For software products, the declaration should cover a specific software version or version range. A declaration for 'version 2.x' covering the entire 2.x product line is acceptable only if all versions in the range genuinely comply with the essential requirements covered by the declaration. If a specific release introduces a security feature that brings a previously non-compliant version into compliance, separate declarations covering each compliant version range may be appropriate.

Where a product has multiple hardware variants (for example, different form factors or connectivity options), the declaration should either cover each variant explicitly or clearly define the scope of coverage in a way that avoids ambiguity.

The standards reference section of the declaration is important evidence of how compliance was demonstrated. Manufacturers should reference:

• The specific harmonised standard number and date/version (for example, 'EN 303 645 V2.1.1 (2020-04)')
• Any common specifications adopted by the Commission
• Relevant ISO/IEC standards applied as supporting evidence (these do not provide formal presumption of conformity but are relevant to the technical assessment)

Vague references such as 'applicable ETSI standards' or 'industry best practices' are not adequate — the declaration must be specific enough to enable a market surveillance authority to independently assess whether the referenced standards cover the essential requirements claimed.

Where the manufacturer has not applied any harmonised standard — perhaps because none exists for their product category — the declaration should reference the internal testing and risk assessment methodology used, and the technical documentation must contain the detailed evidence.

The EU Declaration of Conformity must be signed by a person with the legal authority to commit the manufacturer. This is typically a director, a senior compliance officer, or a legally designated responsible person. The signature should be accompanied by the printed name and function title of the signatory.
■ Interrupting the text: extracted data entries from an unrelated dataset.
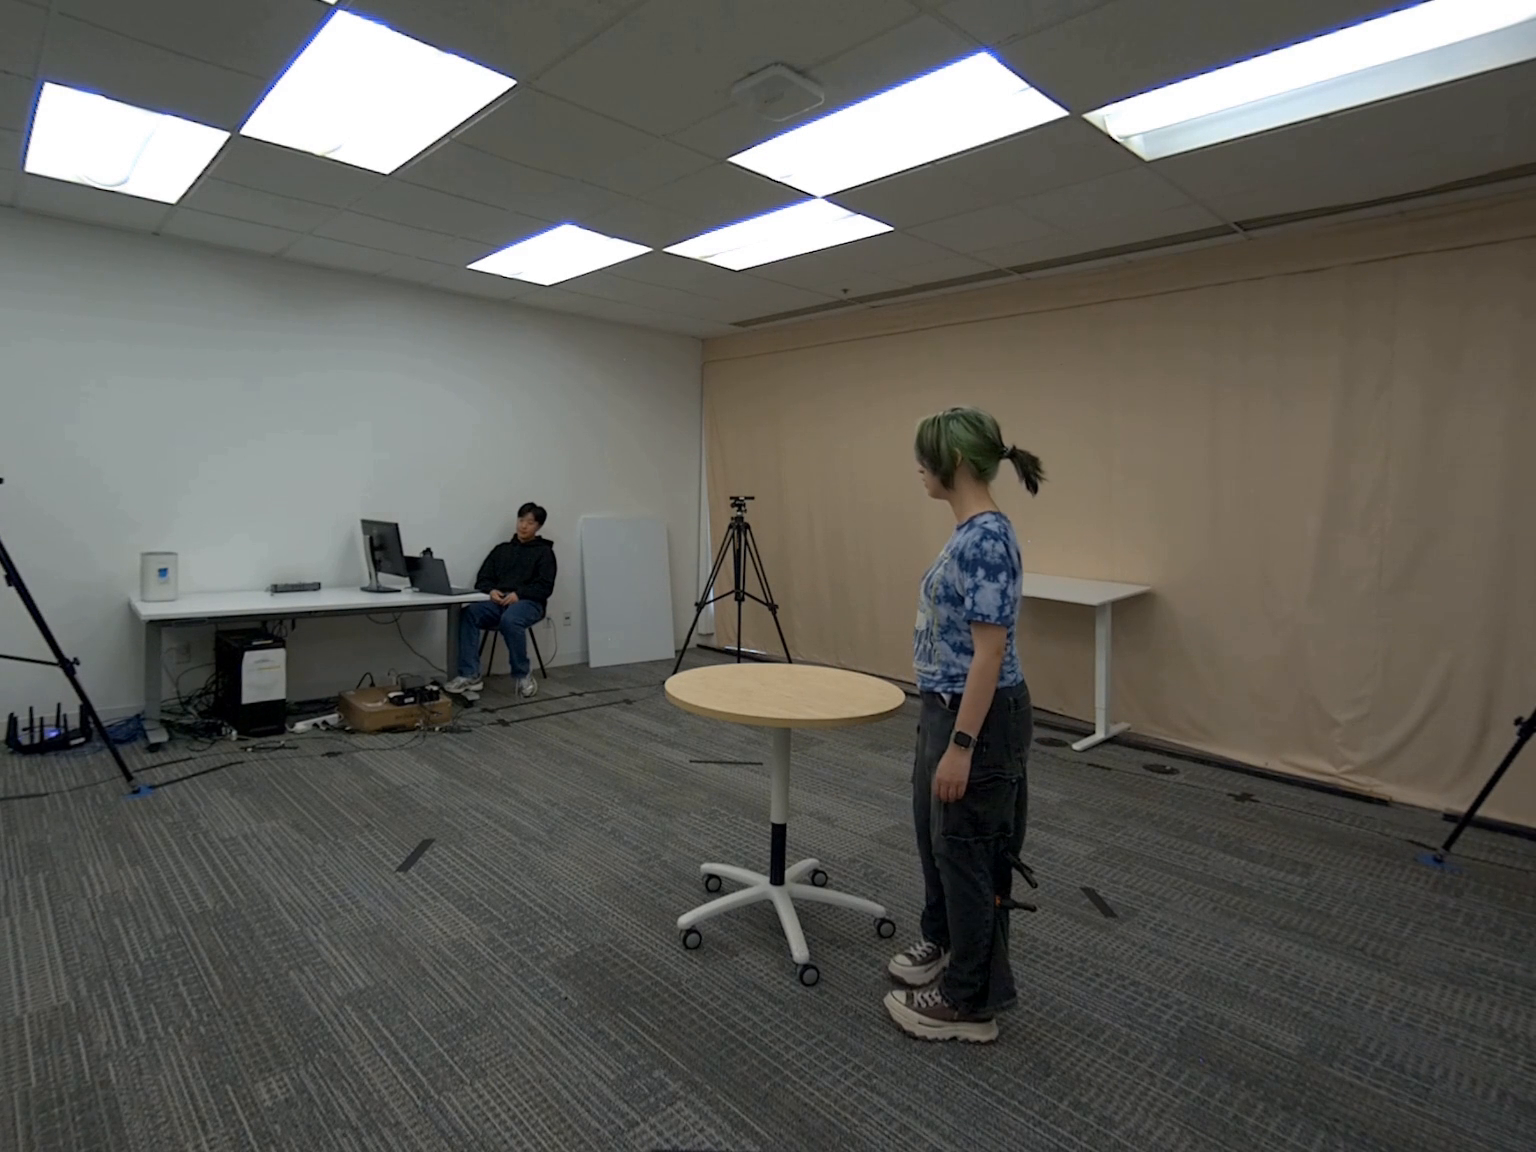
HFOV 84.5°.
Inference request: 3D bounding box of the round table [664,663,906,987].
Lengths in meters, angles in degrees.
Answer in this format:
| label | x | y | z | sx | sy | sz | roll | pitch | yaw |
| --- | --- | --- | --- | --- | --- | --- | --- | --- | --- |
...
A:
| label | x | y | z | sx | sy | sz | roll | pitch | yaw |
| --- | --- | --- | --- | --- | --- | --- | --- | --- | --- |
| round table | 0.029 | 0.753 | 2.733 | 0.763 | 0.792 | 0.767 | 2 | 4 | -2 |
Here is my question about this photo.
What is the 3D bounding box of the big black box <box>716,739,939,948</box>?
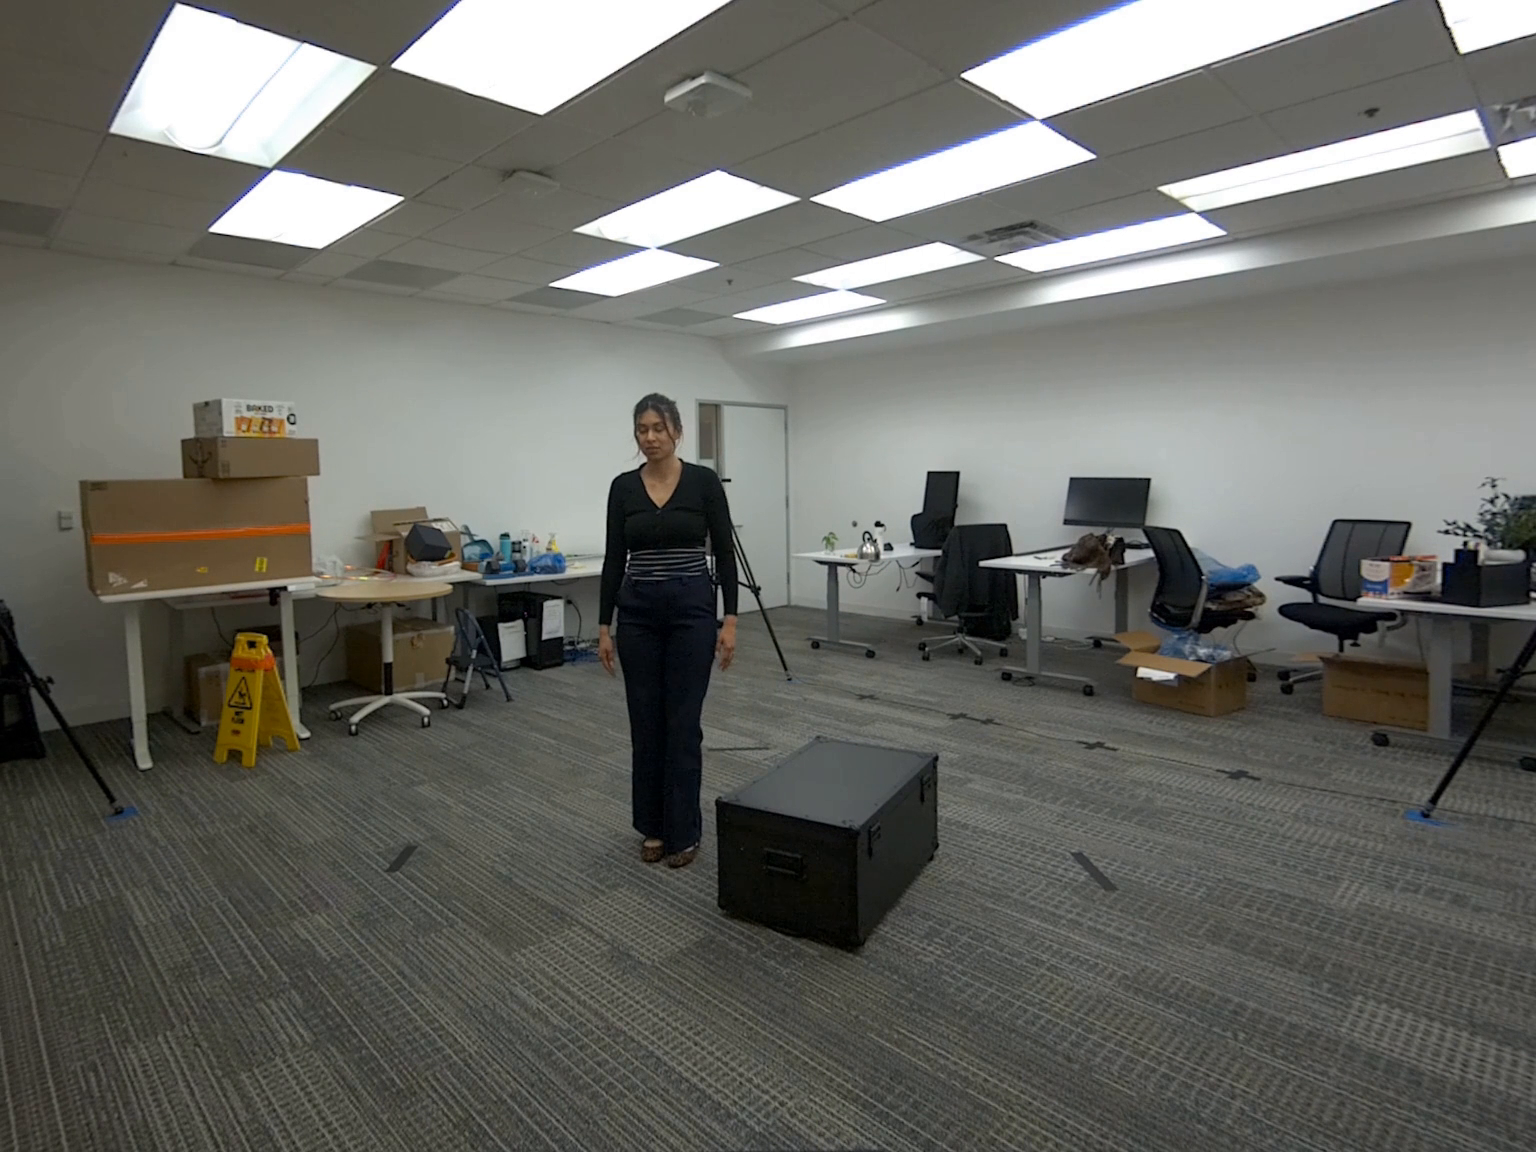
[{"bbox_3d":[0.250,0.866,2.959,0.535,0.394,0.844,2,7,29],"label":"big black box"}]

The declaration must also indicate the place and date of issue. Electronic signatures are generally accepted under EU electronic identification regulations (eIDAS), but manufacturers should verify the specific requirements of national market surveillance authorities and any applicable sector-specific guidance.

For combined declarations covering multiple regulations, a single signature from the same authorised person is typically sufficient, but some member states or notified bodies may require additional signatories for specific regulatory modules. Legal review before finalising the signature process is advisable for complex products.
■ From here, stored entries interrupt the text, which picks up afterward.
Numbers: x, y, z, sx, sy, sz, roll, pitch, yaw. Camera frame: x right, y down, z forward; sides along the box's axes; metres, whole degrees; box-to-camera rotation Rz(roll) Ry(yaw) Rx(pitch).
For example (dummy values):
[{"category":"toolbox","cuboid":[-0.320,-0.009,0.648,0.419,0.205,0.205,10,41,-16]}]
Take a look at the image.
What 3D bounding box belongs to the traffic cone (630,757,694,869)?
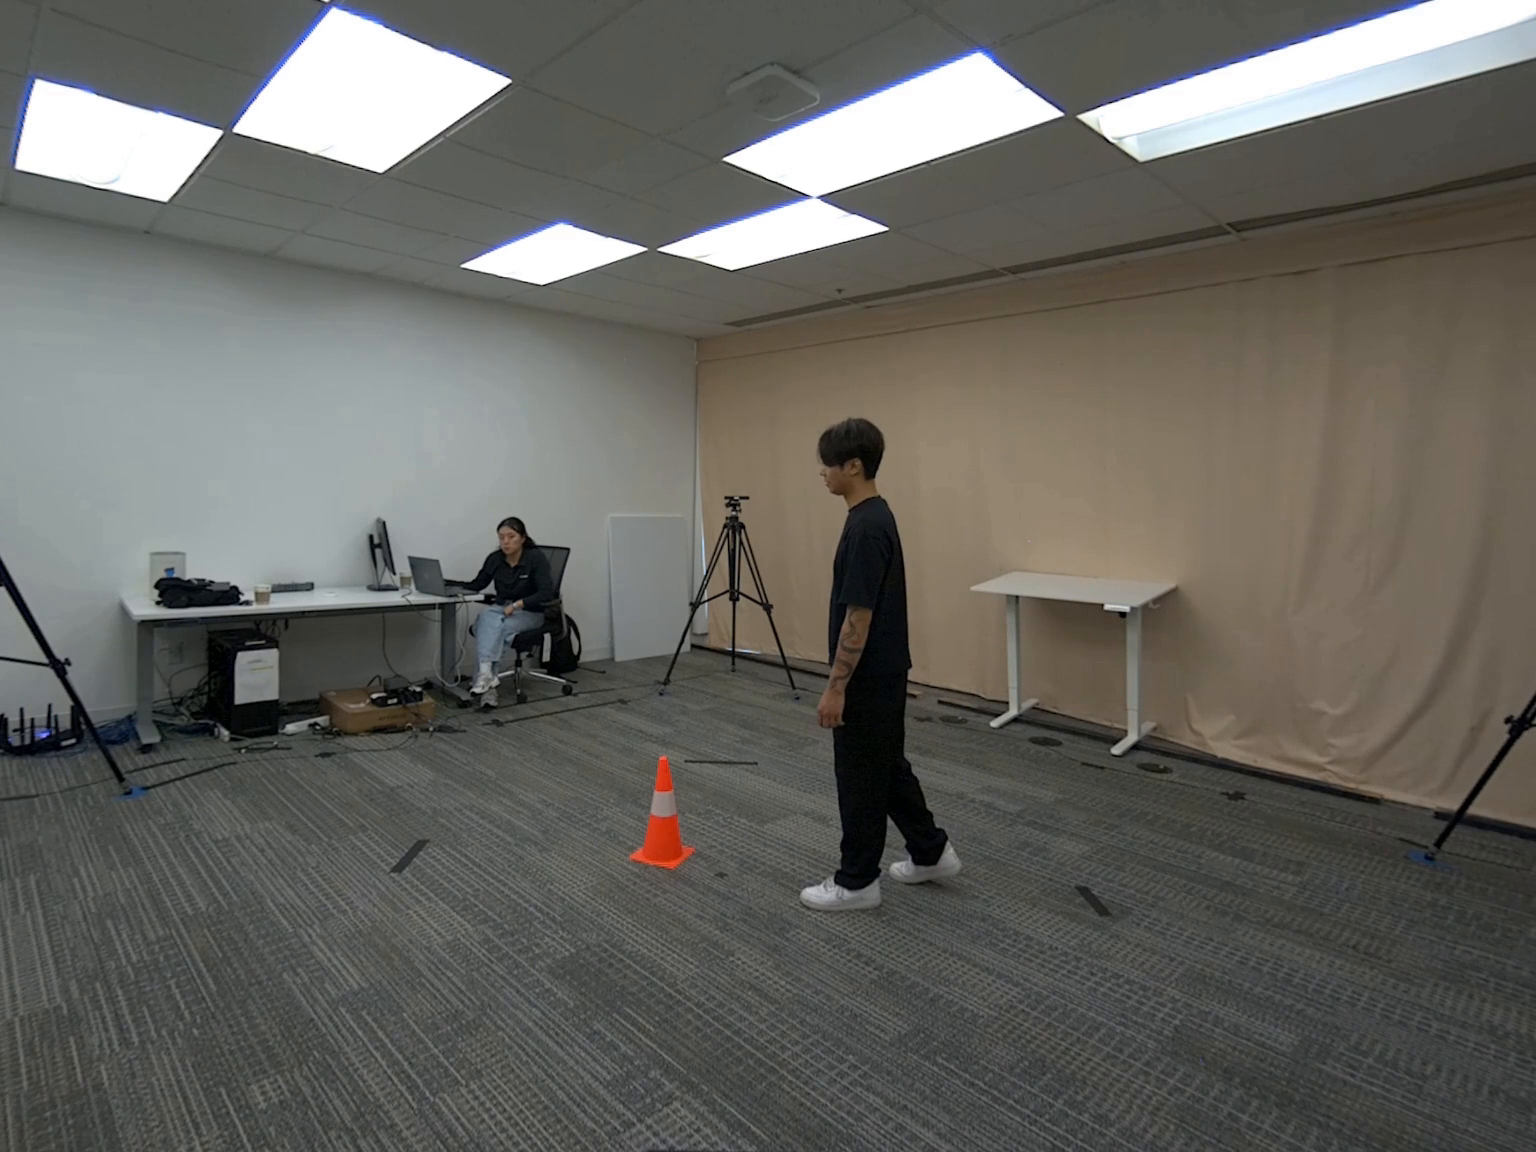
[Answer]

The DoC drawn up under Annex V must be maintained throughout the product's active market life and for 10 years after the last unit is placed on the market. Manufacturers must be able to retrieve and provide the DoC to national market surveillance authorities within a short timeframe (typically 10 working days under comparable EU product regulations).

When a product is updated in a way that affects its compliance — for example, a major firmware update that introduces new security features or changes the product's architecture — a revised DoC should be issued. The revised DoC should reference the updated product version and, where applicable, updated standards or assessment procedures.

Version control of declarations is important: each version should be clearly dated and should state which product version or firmware version it covers. Old versions should be archived, not deleted, as they may be relevant to market surveillance investigations concerning historical product versions.